18.08
Langit Bandung sudah gelap. Kara menggontai langkah. Air matanya sudah kering, menangisi kisahnya yang berakhir sebelum dimulai. Melihat kondisi Mave, rasanya sulit cowok itu kembali ke Jakarta.
Semoga setelah liburan ini, aku bisa melihat kamu di sekolah Mave….
Rencana awal dua hari di Bandung langsung diurungkan. Tak ada yang diharapkan dari kota ini. Kara memutuskan pulang. Cewek itu menuju Stasiun Bandung. Mudah-mudahan, kereta ke Jakarta masih ada.
Malam ini situasi stasiun lumayan sepi. Hanya ada segelintir orang yang lalu-lalang. Kara menggegas diri ketika berada di depan loket. Untunglah loket sepi, jadi dia bisa paling depan mengantre tiket.
“Mbak, tiketnya satu,” pinta Kara kepada petugas loket.
“Untuk tujuan mana? Jam berapa?” petugas loket meminta perincian.
“Jakarta, jam 6 ini.”
“Waduh, Neng. Maaf kereta jam 6 sudah berangkat. Baru saja.”
“Kalau begitu yang jam tujuh.”
Petugas loket memeriksa komputer. “Wah, tiket jam tujuh sudah sold out.”
Kara bingung. “Kalau jam delapan?”
“Maaf Neng, untuk hari ini kereta jam delapan tidak beroperasi. Ada perbaikan.”
Kara langsung lemas. Bagaimana dia bisa pulang ke Jakarta? Semua kereta seolah tak mau menerimanya. Kalau tetap di sini dia harus menginap di mana?
Dari jauh terdengar hentak sepatu. Seperti suara lari. Makin lama bunyi hentak makin mendekat.

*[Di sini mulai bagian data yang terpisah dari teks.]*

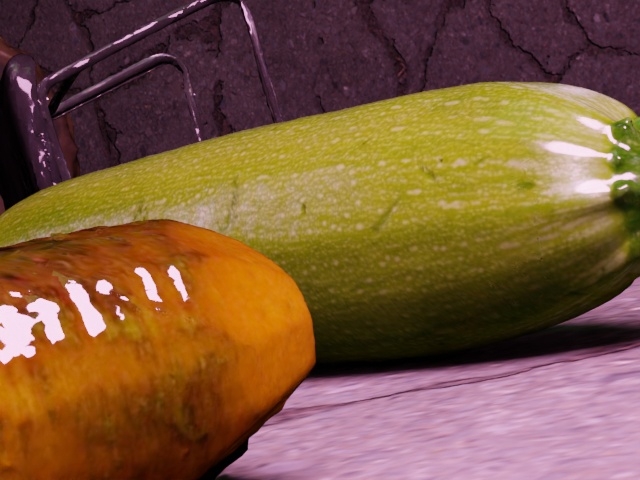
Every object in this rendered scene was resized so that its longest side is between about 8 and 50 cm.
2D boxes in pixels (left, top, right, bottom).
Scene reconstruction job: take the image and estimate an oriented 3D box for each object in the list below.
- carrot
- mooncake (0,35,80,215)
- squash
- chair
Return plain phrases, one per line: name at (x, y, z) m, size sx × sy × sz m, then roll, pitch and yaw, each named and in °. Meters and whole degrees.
carrot at (-0.081, 0.042, 0.494) m, size 0.173 × 0.082 × 0.082 m, roll -16°, pitch 6°, yaw -41°
mooncake at (-0.271, -0.048, 1.347) m, size 0.228 × 0.228 × 0.124 m, roll -13°, pitch 11°, yaw -29°
squash at (0.000, 0.000, 0.753) m, size 0.378 × 0.101 × 0.101 m, roll -12°, pitch 2°, yaw 41°
chair at (-0.135, -0.014, 0.953) m, size 0.221 × 0.145 × 0.140 m, roll -16°, pitch -5°, yaw -17°

Dan…, tiba-tiba tubuh Kara tergeser. Ternyata lengan kirinya terdorong oleh lengan orang lain yang datang merebut posisi depan loket.
“Mbak, tiket ke Jakarta dong?”
Kara mengelus lengannya. Sungguh pria yang baru datang ini tak sopan. Kara bisa mendengar napasnya yang engah-engah. Barangkali efek lari. Sesaat Kara meneliti sosok ini. Tinggi pria ini menjulang bak raksasa, mungkin tingginya 185 cm. Rambutnya gondrong, namun terikat rapi. Dia mengenakan kerel besar di belakang punggung.
“Tiket untuk hari ini sudah habis,” terang penjaga loket.
“Omaigat,” pria itu mendesah. Kecewa.
Kara lalu menjauh dari loket. Cewek itu memilih ke area tunggu penumpang. Di butuh waktu berpikir, ke mana selanjutnya. Atau ada baiknya dia menunggu dulu di situ. Siapa tahu ada penumpang yang menjual tiket, atau setidaknya ketemu calo.
Segala kemungkinan bisa terjadi.
---
Posisi bangku area tunggu berhadap-hadapan. Kara duduk di bangku paling tengah.
Entah dari mana, raksasa yang menggeser tubuh Kara tadi ikutan duduk. Pria itu menempati bangku di depan Kara. Mau tak mau mereka saling hadap. Sekilas Kara bisa melihat jelas wajah pria ini. Bentuk rupa muka pria ini square—setipe Zayn Malik. Alisnya tebal. Hidungnya runcing. Dagunya tegas dan kurang menyiku.
Dari tampangnya Kara bisa memprediksi kalau pria ini berusia 19 atau 20 tahun. Mungkin juga anak kuliahan.
Raksasa itu meletakkan kerel di samping pahanya.
Kara mengambil ponsel, mencari kesibukan. Cewek itu langsung kepikiran menelepon Jessy. Dia belum memberi kabar pada sohibnya.
“Halo Jess,” sapa Kara ketika panggilan tersambung.
“Ya, Kar,” jawab Jessy di ujung telepon. “Akhirnya lo telpon juga. Lo di mana sekarang?”
“Gue di stasiun Bandung.”
“Lo mau balik ke Jakarta?” suara Jessy terdengar kaget. “Bukannya rencana lo dua hari di situ? Lo udah ketemu Mave kan?”
“Gue udah ketemu Mave,” seketika kelebat pertemuannya bareng cowok itu muncul di kepala. Kara sedih mengingatnya. “Mave gak bisa nerima gue,” ujarnya lemah.
“Kenapa bisa?”
“Nanti nyampe Jakarta aku cerita. Sekarang gue masih di stasiun, kehabisan tiket. Gue bingung jadinya.”